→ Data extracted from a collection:

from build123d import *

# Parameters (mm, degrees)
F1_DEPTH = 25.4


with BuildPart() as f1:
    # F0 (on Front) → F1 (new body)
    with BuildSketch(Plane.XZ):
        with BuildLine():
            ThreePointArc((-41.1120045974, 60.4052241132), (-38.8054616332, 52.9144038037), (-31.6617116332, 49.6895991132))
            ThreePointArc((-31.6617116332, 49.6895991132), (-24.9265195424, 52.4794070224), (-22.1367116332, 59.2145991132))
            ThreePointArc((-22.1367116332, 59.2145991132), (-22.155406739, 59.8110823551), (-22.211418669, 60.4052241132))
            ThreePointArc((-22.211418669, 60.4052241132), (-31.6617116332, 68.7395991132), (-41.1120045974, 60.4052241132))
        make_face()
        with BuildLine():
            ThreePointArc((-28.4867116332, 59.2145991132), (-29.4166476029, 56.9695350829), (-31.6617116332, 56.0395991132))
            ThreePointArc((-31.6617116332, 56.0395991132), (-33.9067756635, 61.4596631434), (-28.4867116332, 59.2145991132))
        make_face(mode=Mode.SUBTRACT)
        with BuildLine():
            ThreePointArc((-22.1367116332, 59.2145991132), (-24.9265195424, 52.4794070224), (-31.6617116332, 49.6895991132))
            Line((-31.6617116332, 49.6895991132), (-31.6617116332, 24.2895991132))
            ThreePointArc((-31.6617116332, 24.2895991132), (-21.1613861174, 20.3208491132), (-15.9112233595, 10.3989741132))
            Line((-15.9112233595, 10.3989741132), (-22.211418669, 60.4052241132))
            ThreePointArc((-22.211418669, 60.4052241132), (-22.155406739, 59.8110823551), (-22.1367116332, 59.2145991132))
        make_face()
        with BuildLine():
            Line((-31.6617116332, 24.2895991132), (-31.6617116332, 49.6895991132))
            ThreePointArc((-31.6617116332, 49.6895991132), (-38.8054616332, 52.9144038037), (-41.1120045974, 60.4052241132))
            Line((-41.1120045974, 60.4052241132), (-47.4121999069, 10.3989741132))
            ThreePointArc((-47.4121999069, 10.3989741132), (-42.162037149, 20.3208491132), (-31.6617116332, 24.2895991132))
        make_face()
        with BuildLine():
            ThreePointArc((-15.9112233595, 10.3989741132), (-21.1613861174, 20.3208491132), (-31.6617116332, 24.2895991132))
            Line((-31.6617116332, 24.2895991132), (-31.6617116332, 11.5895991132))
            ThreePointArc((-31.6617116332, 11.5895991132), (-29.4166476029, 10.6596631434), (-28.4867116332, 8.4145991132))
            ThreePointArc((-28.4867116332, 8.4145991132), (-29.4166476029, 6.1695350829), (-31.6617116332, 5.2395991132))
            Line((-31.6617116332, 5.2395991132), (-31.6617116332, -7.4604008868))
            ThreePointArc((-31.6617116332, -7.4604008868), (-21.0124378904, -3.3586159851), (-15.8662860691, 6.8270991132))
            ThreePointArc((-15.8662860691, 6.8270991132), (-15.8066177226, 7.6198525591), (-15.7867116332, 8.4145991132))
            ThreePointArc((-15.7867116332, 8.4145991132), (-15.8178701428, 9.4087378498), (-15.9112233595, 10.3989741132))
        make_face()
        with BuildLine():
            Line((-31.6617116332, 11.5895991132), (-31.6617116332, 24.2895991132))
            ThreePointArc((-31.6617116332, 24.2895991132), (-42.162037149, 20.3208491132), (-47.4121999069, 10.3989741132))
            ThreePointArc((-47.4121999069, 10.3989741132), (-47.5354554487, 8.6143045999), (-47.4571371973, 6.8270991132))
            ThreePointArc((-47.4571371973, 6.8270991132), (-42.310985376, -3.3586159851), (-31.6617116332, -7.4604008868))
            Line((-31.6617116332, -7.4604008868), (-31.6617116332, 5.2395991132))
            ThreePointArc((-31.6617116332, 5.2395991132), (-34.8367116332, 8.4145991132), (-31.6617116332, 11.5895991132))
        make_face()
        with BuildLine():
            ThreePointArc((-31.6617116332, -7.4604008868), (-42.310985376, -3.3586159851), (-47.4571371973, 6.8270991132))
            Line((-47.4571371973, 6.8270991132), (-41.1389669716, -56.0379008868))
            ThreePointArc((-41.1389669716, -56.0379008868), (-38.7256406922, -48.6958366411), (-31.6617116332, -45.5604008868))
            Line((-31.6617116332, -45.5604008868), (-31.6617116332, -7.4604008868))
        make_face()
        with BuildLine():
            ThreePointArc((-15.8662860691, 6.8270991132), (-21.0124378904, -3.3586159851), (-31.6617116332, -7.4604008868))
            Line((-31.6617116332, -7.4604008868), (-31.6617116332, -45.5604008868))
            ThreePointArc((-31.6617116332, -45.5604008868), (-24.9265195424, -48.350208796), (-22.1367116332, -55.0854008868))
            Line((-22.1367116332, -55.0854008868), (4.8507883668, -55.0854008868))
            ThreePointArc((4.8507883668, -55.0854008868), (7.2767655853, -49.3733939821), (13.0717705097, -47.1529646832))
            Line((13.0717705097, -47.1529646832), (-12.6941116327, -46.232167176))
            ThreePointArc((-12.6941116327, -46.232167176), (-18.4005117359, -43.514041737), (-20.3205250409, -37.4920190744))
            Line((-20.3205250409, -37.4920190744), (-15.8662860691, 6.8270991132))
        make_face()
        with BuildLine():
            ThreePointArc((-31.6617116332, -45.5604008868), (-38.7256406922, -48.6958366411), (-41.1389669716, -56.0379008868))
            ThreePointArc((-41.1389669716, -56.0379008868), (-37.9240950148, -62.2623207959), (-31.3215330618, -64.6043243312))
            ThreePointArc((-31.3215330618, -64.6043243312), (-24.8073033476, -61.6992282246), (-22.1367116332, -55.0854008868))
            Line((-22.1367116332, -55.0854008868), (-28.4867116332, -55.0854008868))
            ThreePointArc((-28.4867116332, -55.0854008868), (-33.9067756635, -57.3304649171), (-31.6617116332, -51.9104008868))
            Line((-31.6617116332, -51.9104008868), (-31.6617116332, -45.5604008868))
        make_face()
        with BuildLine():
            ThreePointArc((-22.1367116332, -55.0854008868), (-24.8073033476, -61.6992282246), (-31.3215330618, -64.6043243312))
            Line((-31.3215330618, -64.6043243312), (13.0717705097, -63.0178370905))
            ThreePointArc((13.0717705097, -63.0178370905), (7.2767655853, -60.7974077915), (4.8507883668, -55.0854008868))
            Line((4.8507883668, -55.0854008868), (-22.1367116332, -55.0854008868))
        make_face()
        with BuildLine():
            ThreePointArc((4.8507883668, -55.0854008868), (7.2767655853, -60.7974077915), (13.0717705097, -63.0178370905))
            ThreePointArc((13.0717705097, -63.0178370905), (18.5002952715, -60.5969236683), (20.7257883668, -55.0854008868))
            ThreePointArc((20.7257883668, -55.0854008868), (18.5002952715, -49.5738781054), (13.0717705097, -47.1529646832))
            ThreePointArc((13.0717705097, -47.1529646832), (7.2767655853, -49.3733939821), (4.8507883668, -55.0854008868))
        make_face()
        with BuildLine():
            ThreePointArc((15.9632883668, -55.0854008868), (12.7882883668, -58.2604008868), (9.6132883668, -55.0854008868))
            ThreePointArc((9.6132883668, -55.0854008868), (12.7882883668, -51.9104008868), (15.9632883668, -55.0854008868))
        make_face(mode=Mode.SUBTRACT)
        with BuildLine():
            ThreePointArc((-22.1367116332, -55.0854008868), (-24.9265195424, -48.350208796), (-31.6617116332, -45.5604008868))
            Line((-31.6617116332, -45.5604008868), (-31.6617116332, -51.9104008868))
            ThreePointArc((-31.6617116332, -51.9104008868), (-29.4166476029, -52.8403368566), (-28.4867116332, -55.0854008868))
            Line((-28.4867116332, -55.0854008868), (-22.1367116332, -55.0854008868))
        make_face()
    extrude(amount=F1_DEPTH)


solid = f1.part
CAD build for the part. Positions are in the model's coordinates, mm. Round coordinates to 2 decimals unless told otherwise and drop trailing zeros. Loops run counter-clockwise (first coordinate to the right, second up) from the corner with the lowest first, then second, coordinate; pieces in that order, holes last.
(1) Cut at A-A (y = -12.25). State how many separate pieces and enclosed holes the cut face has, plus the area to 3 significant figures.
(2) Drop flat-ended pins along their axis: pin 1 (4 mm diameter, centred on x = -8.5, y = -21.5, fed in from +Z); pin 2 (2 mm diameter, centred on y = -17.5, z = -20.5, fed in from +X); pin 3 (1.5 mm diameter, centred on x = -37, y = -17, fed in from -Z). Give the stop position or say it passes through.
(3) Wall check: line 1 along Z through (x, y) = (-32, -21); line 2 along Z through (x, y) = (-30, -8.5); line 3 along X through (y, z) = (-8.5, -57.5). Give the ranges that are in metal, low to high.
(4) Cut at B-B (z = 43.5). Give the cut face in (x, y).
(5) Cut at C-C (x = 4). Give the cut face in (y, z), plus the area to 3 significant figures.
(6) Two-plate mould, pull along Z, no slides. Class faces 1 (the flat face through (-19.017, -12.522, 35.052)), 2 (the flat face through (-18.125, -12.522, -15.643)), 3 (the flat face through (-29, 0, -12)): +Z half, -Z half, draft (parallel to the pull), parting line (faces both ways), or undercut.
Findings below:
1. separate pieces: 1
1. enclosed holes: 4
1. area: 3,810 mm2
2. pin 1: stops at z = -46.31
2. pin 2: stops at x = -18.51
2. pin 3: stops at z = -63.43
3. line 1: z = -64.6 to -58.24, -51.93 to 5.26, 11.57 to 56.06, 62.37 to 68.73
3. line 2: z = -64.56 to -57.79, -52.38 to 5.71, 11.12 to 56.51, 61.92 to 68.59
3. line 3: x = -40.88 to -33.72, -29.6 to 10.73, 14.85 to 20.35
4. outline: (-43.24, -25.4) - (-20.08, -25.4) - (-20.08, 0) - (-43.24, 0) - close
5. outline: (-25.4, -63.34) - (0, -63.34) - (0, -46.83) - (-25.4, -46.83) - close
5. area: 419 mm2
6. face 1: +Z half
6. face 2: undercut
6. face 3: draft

→ About this task:
Start at the first line of the data above. Stop after the line containing "52.9144038037), (-31.6617116332, 49.6895991132))", reproducing each line exactly and adding nothing.

→ Worked solution:
from build123d import *

# Parameters (mm, degrees)
F1_DEPTH = 25.4


with BuildPart() as f1:
    # F0 (on Front) → F1 (new body)
    with BuildSketch(Plane.XZ):
        with BuildLine():
            ThreePointArc((-41.1120045974, 60.4052241132), (-38.8054616332, 52.9144038037), (-31.6617116332, 49.6895991132))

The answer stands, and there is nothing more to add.